Tentu Anda bisa menggunakan AI untuk meng-generate text. Anda bisa generate konten sebanyak-banyaknya. Kualitas konten yang dihasilkan pun variatif, bisa jelek bisa bagus, tergantung dari “command” yang Anda berikan.
AI tidak sebatas untuk generate konten saja, Anda bisa menggunakan AI untuk hal-hal yang teknikal. Seperti membetulkan typo, spin off text agar lebih mudah dipahami, atau bahkan brainstorm terhadap konten yang sedang Anda tulis.
Ingat, AI tidak menggantikan Anda. Tetapi AI adalah multiplier. Artinya jika skill blogging Anda katakanlah 80, dengan AI sebagai pengali, skill blogging Anda akan bertambah. Asalkan digunakan dengan tepat.
Filo Filo
Kalau dipikir-pikir sebenarnya memang kita tidak perlu khawatir, sih, soal AI.
Misalnya, Google Translate sudah ada sejak dulu, mungkin 2006, tetapi sampai sekarang masih ada jasa translate.
Atau, saya melihat sendiri ada toko kelontong yang dengan percaya diri berjualan bensin eceran di depan SPBU. Wkwkwk…, kalau yang ini bukan menjadikan AI sebagai saingan, justru sumber pengasilan.
Orang-orang agaknya mulai kompromoi dengan AI, bahkan di sektor yang harusnya sangat manusiawi, seperti sastra. Ada lho novel yang ditulis AI, dan kabar buruknya, justru mendapat penghargaan dan diakui.
Sebagai orang awam teknologi yang hanya suka mancing ikan, saya tetap tidak bisa menutupi kekhawatiran, sih. Bukan soal kehilangan pekerjaan, tetapi soal menurunnya inovasi dari manusianya itu sendiri.
Nadiar
Terima kasih mas sudah berkunjung. Hehe.
Iya ini curcol aja, belakangan agak resah soal AI ini. Dari blog posting sampai buku serba AI sekarang.
Filo Filo
Seorang penulis kenamaan Indonesia, AS Laksana, menganggap tulisan yang tidak lolos plagiarisme AI merupakan tulisan yang terstruktur dan rapi.

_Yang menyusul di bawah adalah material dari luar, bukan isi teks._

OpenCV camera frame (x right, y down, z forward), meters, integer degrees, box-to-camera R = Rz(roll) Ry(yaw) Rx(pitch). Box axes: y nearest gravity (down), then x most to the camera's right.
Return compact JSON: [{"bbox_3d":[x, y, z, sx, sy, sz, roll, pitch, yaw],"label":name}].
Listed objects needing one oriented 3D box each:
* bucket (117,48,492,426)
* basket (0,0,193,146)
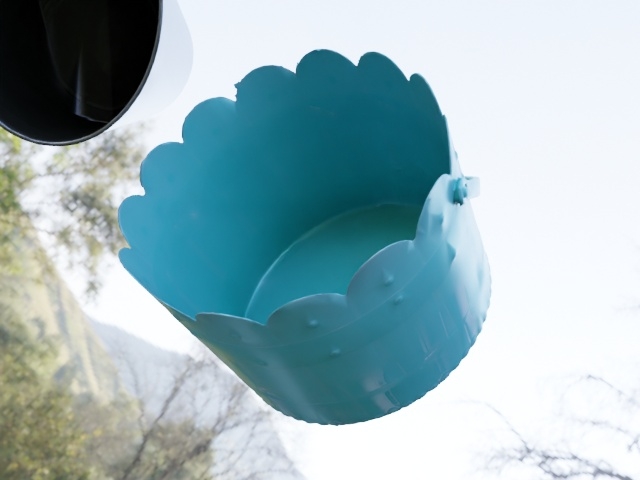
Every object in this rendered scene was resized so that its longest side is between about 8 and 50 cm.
[{"bbox_3d":[0.000,0.000,0.720,0.281,0.281,0.183,22,-25,40],"label":"bucket"},{"bbox_3d":[-0.183,-0.170,0.724,0.154,0.204,0.227,-2,1,1],"label":"basket"}]
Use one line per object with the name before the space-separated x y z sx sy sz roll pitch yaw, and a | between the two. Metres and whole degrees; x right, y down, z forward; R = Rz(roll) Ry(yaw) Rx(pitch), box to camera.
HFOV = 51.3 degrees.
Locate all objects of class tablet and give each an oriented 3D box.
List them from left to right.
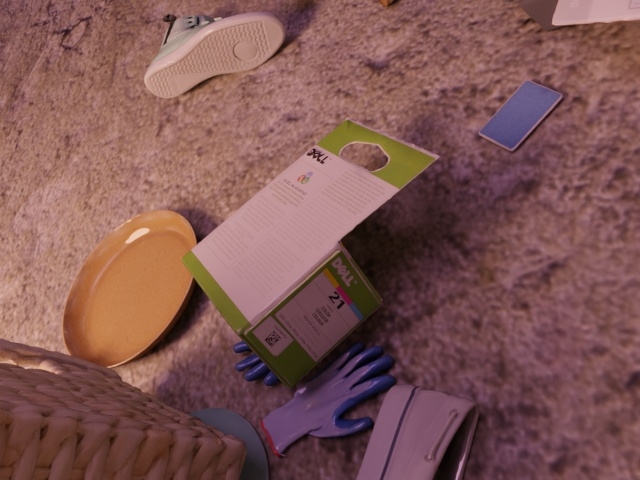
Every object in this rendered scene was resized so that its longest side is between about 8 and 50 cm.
tablet | 0.219 -0.137 0.731 0.083 0.006 0.054 -48 46 -1

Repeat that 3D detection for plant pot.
plant pot | -0.252 0.067 0.903 0.236 0.032 0.236 -18 51 24

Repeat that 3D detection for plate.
plate | -0.137 0.264 0.695 0.188 0.024 0.188 -18 51 24

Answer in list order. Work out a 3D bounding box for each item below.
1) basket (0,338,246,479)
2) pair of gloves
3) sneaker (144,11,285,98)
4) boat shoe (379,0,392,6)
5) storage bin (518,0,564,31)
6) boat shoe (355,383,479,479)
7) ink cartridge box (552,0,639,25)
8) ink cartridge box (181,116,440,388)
basket | -0.290 0.268 0.565 0.266 0.328 0.332 12 78 37
pair of gloves | -0.012 0.129 0.701 0.159 0.023 0.198 -37 46 9
sneaker | -0.168 -0.338 1.077 0.255 0.094 0.151 -15 50 25
boat shoe | 0.081 -0.408 0.977 0.059 0.063 0.170 -32 57 9
storage bin | 0.290 -0.298 0.743 0.135 0.098 0.091 -63 21 -15
boat shoe | 0.067 0.229 0.515 0.084 0.095 0.258 0 53 28
ink cartridge box | 0.447 -0.291 0.605 0.384 0.091 0.308 10 67 35
ink cartridge box | 0.000 0.000 0.710 0.255 0.097 0.189 -41 34 -8
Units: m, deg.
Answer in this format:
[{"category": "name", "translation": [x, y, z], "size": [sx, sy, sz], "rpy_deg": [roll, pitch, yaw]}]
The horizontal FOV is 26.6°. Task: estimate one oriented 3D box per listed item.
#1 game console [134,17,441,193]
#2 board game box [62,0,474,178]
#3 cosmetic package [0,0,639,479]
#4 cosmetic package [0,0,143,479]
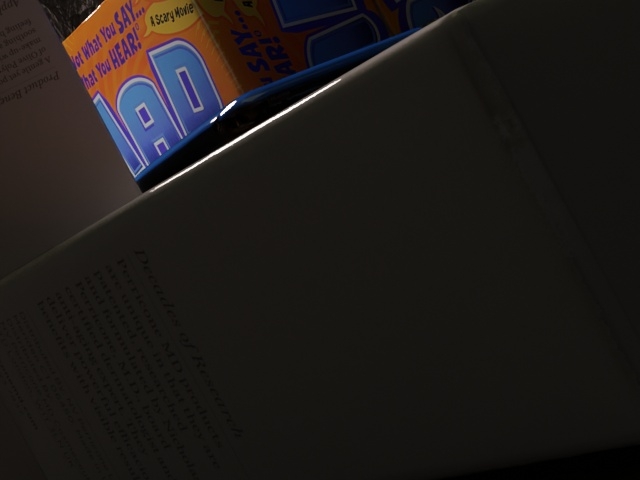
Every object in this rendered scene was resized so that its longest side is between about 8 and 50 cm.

Blundernya, justru instansi pendidikan mengharuskan agar tulisan bebas plagiarisme. Wkwkwk…
Tetapi tetap saja, sih, Mas Nadiar. Produk teknologi sebagai pisau bermata dua. Kalau dimanfaatkan dengan bijak akan memberi dampak positif untuk manusia. Lain dengan pemanfaatan ugal2an untuk kepentingan pribadi.
Saya mau tutup mata atas perkembangan teknologi macam AI ini, takut digilas roda kehidupan. Hmm, serba salah jadinya.